__Task to complete__. Without including any pictures, copy every line below exactly.

__Information given__.
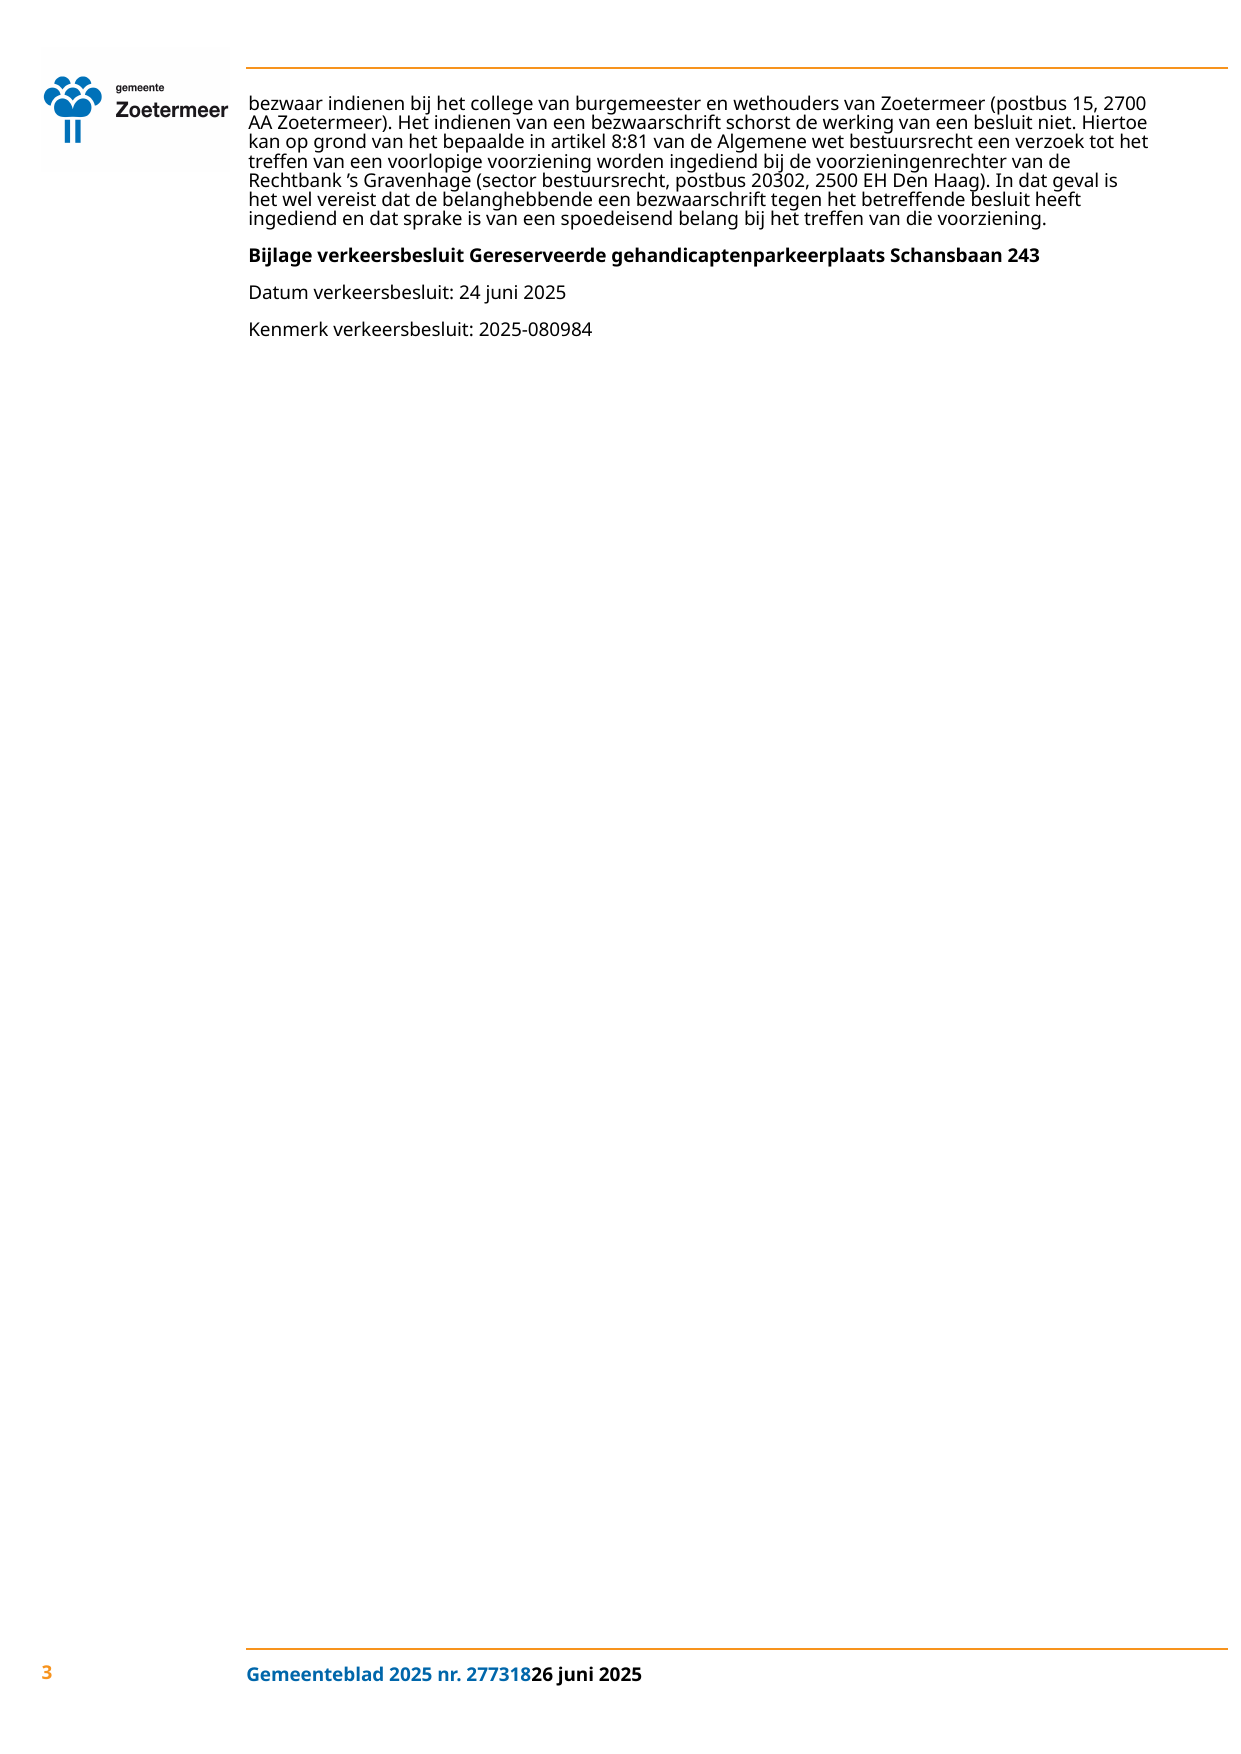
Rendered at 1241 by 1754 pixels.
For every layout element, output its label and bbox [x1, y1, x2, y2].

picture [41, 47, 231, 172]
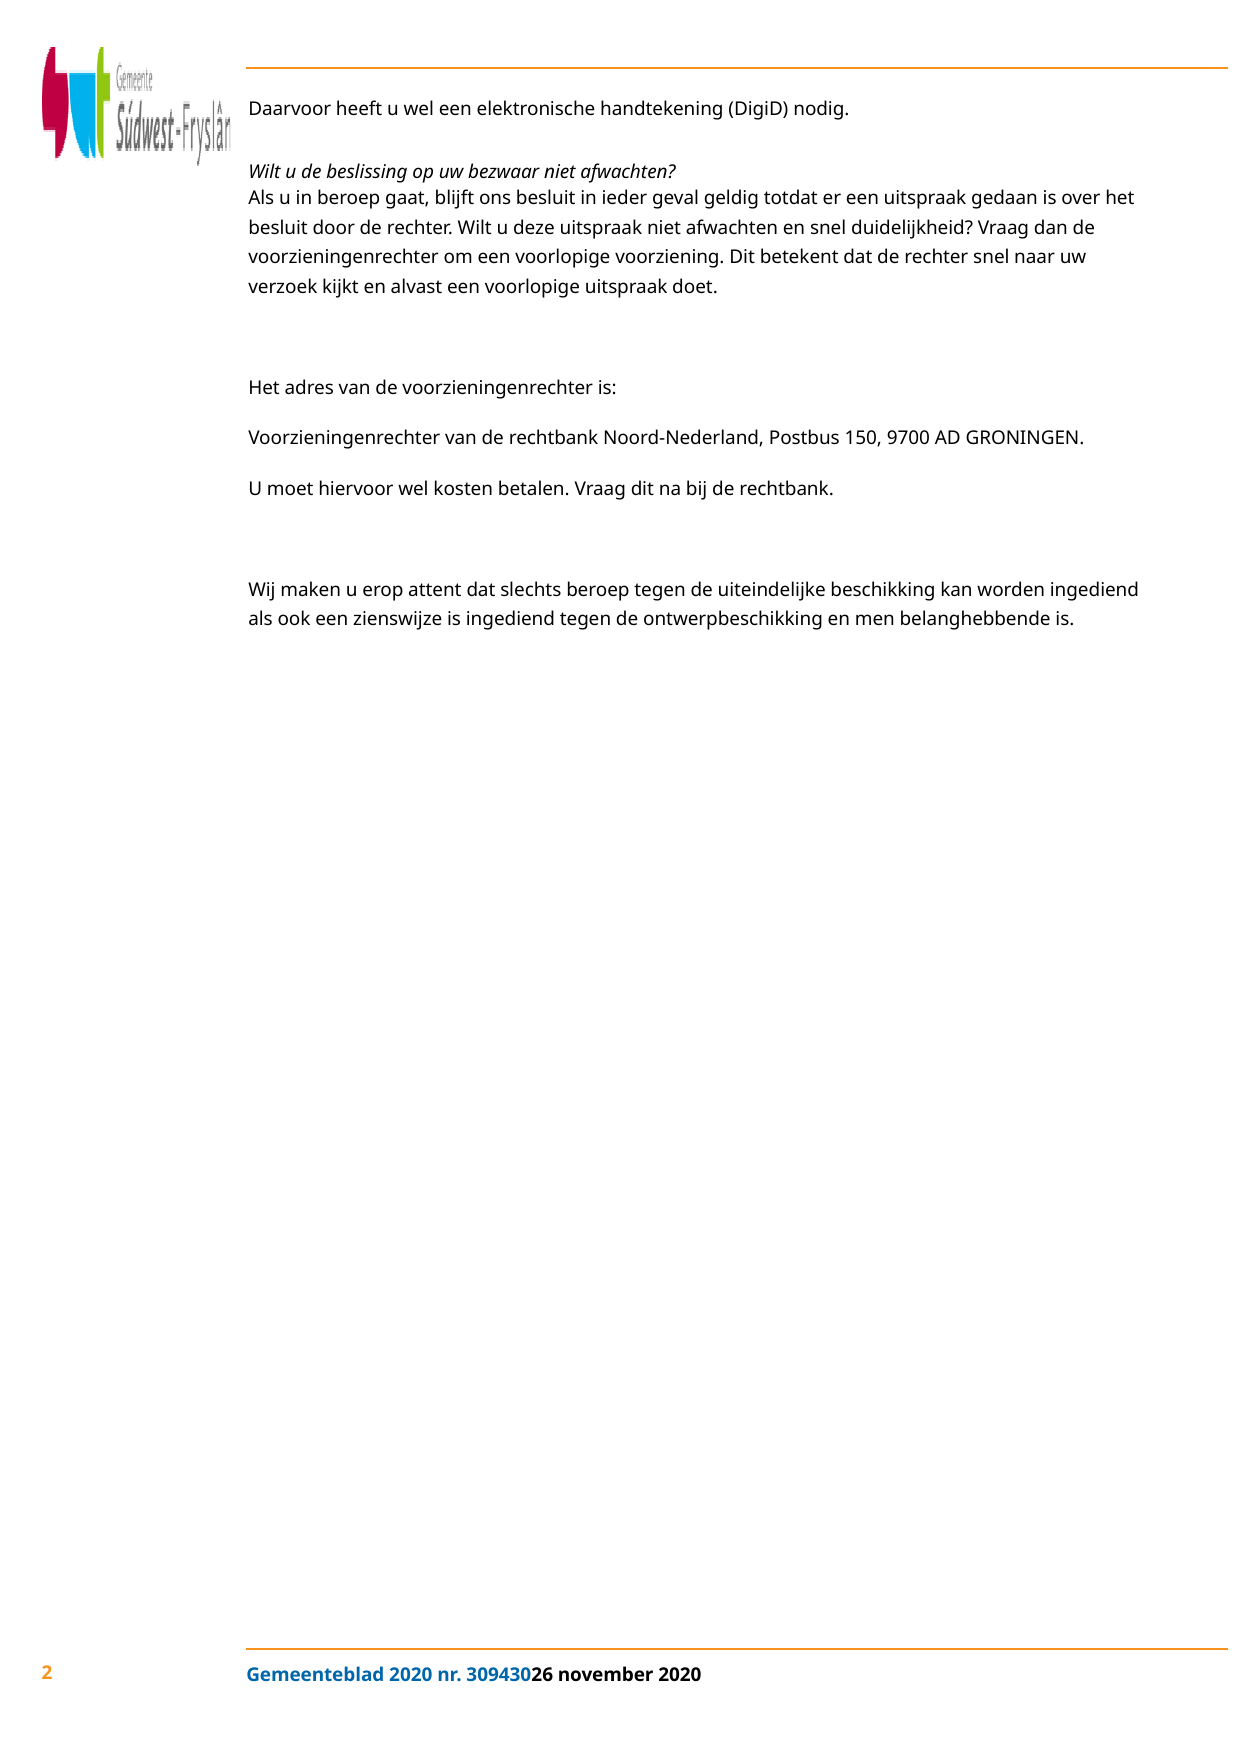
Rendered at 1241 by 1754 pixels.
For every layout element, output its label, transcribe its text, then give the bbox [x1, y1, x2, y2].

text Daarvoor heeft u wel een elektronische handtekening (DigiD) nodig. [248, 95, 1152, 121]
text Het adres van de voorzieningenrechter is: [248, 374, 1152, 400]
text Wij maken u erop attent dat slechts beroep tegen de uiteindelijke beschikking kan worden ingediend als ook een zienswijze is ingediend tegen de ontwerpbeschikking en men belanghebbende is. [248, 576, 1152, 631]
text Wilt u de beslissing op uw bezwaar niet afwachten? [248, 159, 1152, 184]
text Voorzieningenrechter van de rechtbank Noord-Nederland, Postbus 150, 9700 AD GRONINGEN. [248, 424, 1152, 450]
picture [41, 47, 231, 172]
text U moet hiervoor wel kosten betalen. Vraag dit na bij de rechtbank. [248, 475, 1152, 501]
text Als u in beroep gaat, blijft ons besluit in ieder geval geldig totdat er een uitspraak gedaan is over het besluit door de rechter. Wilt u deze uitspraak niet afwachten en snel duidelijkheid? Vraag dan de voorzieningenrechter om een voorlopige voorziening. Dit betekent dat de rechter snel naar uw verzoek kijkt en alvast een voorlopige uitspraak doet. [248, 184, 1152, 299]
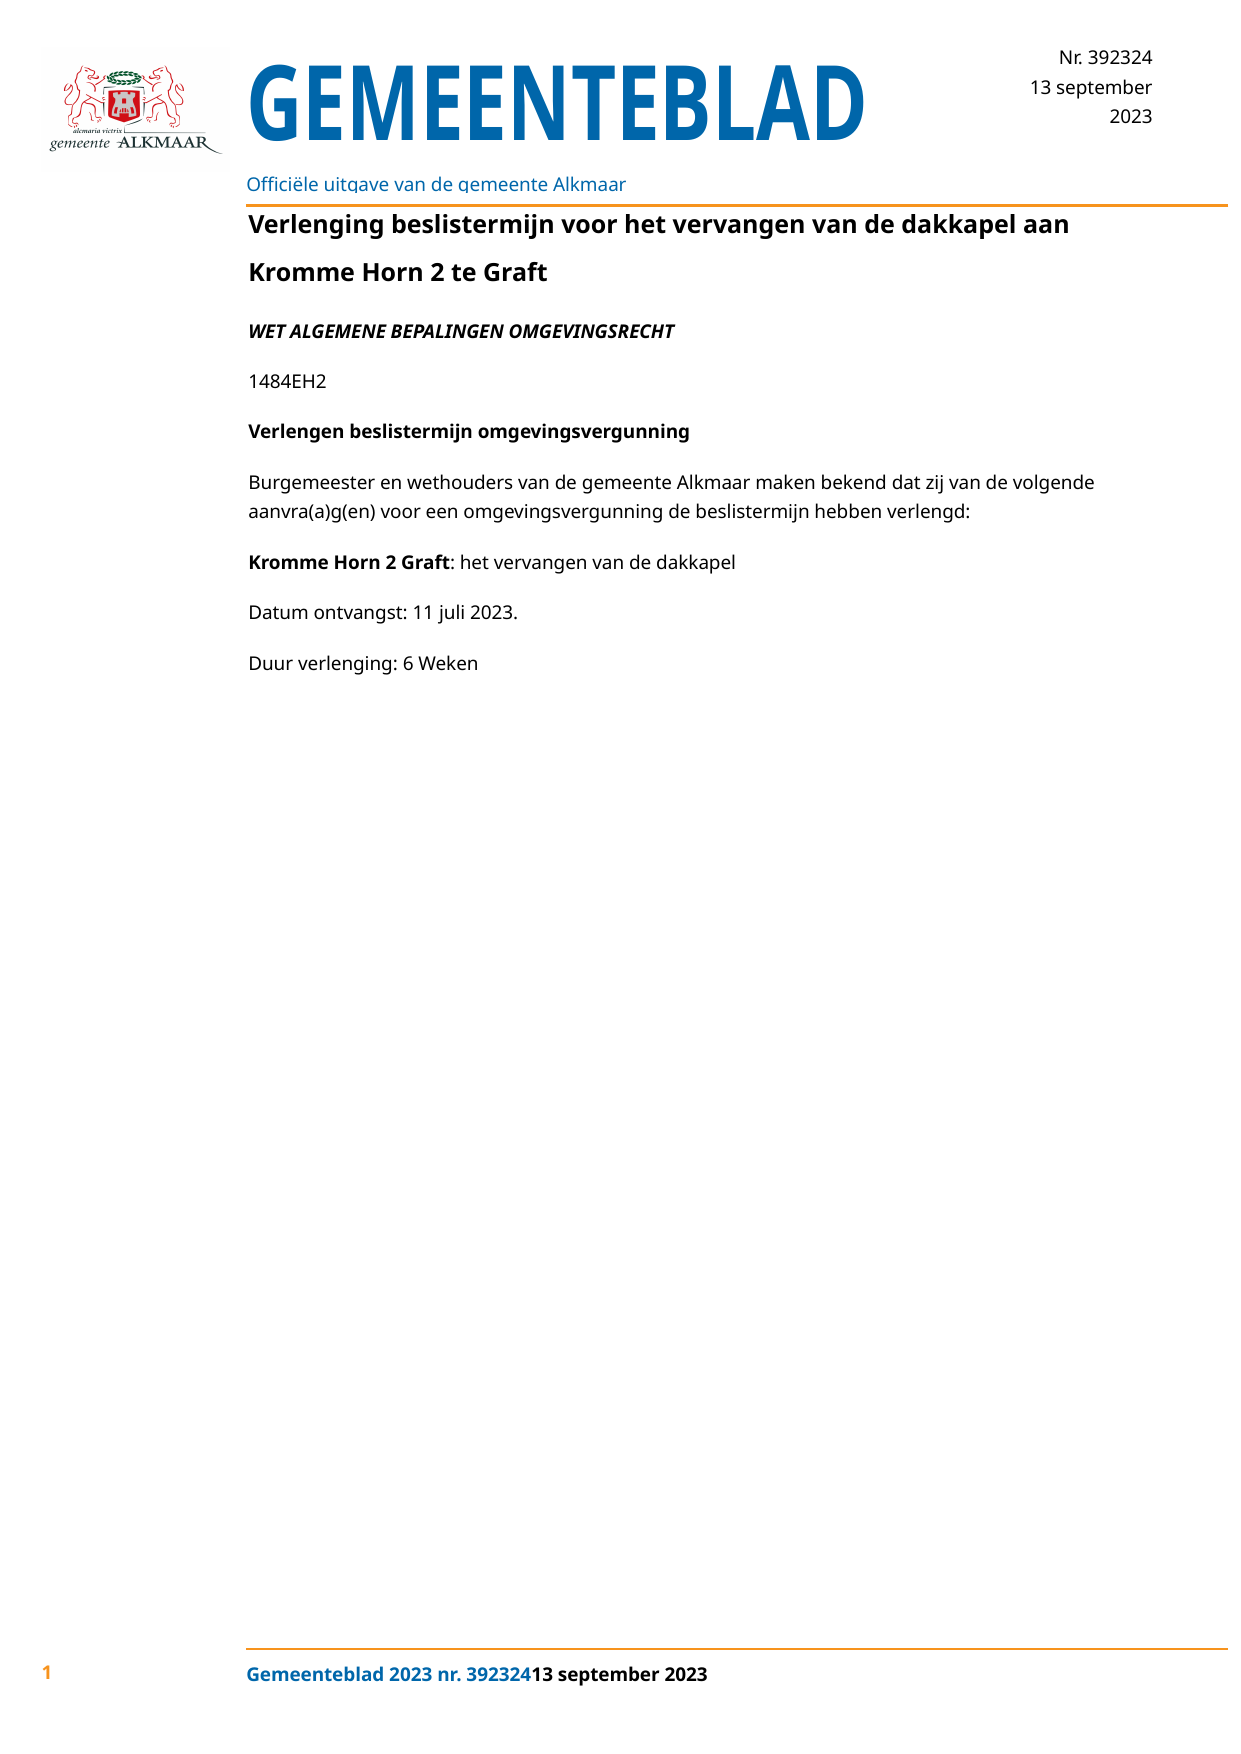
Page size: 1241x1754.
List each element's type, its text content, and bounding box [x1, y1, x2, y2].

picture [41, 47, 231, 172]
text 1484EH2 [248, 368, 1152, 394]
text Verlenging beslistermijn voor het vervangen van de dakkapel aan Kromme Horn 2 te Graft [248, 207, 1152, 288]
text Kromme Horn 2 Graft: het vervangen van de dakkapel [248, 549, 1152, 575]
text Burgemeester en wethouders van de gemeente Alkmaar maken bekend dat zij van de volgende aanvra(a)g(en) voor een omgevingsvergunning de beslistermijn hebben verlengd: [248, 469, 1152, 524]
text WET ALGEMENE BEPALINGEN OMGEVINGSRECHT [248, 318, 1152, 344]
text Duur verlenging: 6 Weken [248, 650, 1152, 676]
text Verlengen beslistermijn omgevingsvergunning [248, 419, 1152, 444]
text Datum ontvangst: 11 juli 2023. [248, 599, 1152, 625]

__Result below__.
Rendered at 1241 by 1754 pixels.
For every layout element, output its label and bbox [x1, y1, x2, y2].

picture [41, 47, 231, 172]
Rendered at 1241 by 1754 pixels.
For every layout element, output its label, transcribe its text, then give the bbox [x1, y1, x2, y2].

text Daarvoor heeft u wel een elektronische handtekening (DigiD) nodig. [248, 95, 1152, 121]
text Het adres van de voorzieningenrechter is: [248, 374, 1152, 400]
text Wij maken u erop attent dat slechts beroep tegen de uiteindelijke beschikking kan worden ingediend als ook een zienswijze is ingediend tegen de ontwerpbeschikking en men belanghebbende is. [248, 576, 1152, 631]
text Wilt u de beslissing op uw bezwaar niet afwachten? [248, 159, 1152, 184]
text Voorzieningenrechter van de rechtbank Noord-Nederland, Postbus 150, 9700 AD GRONINGEN. [248, 424, 1152, 450]
picture [41, 47, 231, 172]
text U moet hiervoor wel kosten betalen. Vraag dit na bij de rechtbank. [248, 475, 1152, 501]
text Als u in beroep gaat, blijft ons besluit in ieder geval geldig totdat er een uitspraak gedaan is over het besluit door de rechter. Wilt u deze uitspraak niet afwachten en snel duidelijkheid? Vraag dan de voorzieningenrechter om een voorlopige voorziening. Dit betekent dat de rechter snel naar uw verzoek kijkt en alvast een voorlopige uitspraak doet. [248, 184, 1152, 299]
Page size: 1241x1754.
List each element's type, its text content, and bounding box [x1, y1, x2, y2].

picture [41, 47, 231, 172]
text 1484EH2 [248, 368, 1152, 394]
text Verlenging beslistermijn voor het vervangen van de dakkapel aan Kromme Horn 2 te Graft [248, 207, 1152, 288]
text Kromme Horn 2 Graft: het vervangen van de dakkapel [248, 549, 1152, 575]
text Burgemeester en wethouders van de gemeente Alkmaar maken bekend dat zij van de volgende aanvra(a)g(en) voor een omgevingsvergunning de beslistermijn hebben verlengd: [248, 469, 1152, 524]
text WET ALGEMENE BEPALINGEN OMGEVINGSRECHT [248, 318, 1152, 344]
text Duur verlenging: 6 Weken [248, 650, 1152, 676]
text Verlengen beslistermijn omgevingsvergunning [248, 419, 1152, 444]
text Datum ontvangst: 11 juli 2023. [248, 599, 1152, 625]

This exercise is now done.